Mais non. Je me trouve bien dans une salle de soins du XXIe siècle. Le bout d'os que je tiens dans la main est tout à fait contemporain. Que faire ? Une idée lumineuse traverse mon psychisme perturbé : je prends le téléphone et j'appelle le bloc opératoire à l'aide. « Allo, dites-moi que vous voulez un bout de fémur pour faire une greffe ! C'est gratuit, je vous livre à domicile... » En fait, le chirurgien a fait à la jambe du motard ce que le Dr Guillotin faisait à la nuque des contre-révolutionnaires. L'article démodé me reste sur les bras !

histoire naturelle

Mes neurones déstabilisés me font alors percevoir deux pistes éventuelles : je peux confectionner un paquet cadeau et l'offrir à la famille de l'Homo Kawazakis. Je peux également appeler les cuisines... Mais un éclair de lucidité me fait bientôt entrevoir les inconvénients de ces deux projets.

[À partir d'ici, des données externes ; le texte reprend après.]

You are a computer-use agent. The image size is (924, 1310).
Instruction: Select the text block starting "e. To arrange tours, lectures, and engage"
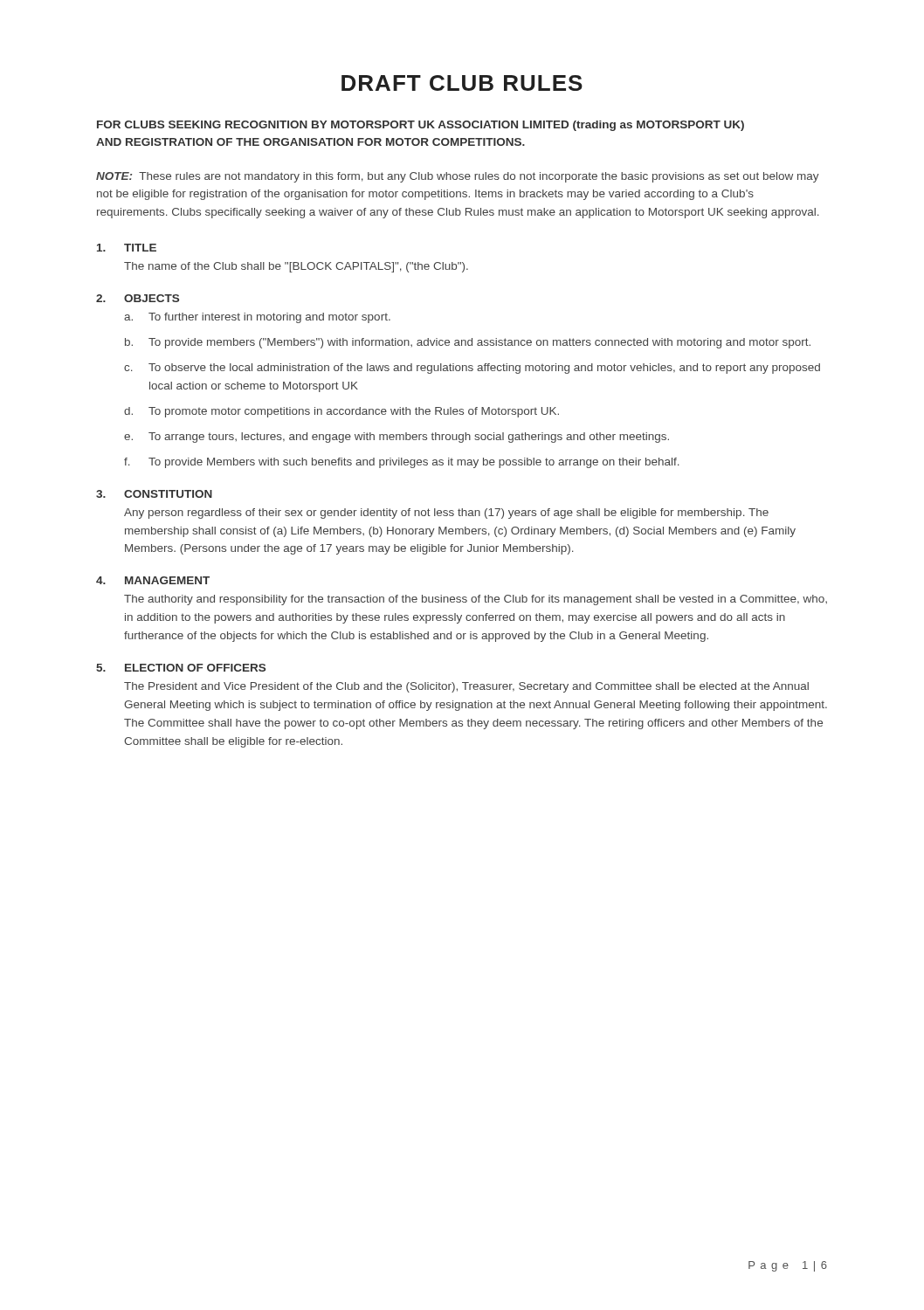(x=476, y=437)

Je termine le rangement de la salle en passant au rayon « Pertes et profits » l'objet de mon émoi. Bref, c'est encore une journée riche en émotions. Un peu trop, peut-être. Quand j'en aurai marre du stress, je pense que je demanderai ma mutation au Muséum d'histoire naturelle. Avec mon expérience d'anthropologie hospitalière, je pourrai faire valider mes acquis professionnels...

1- Ce médecin n'était pas de garde ce jour-là. Il est l'auteur du livre « Comment trancher une question douloureuse », Éditions du Raccourci, 1789.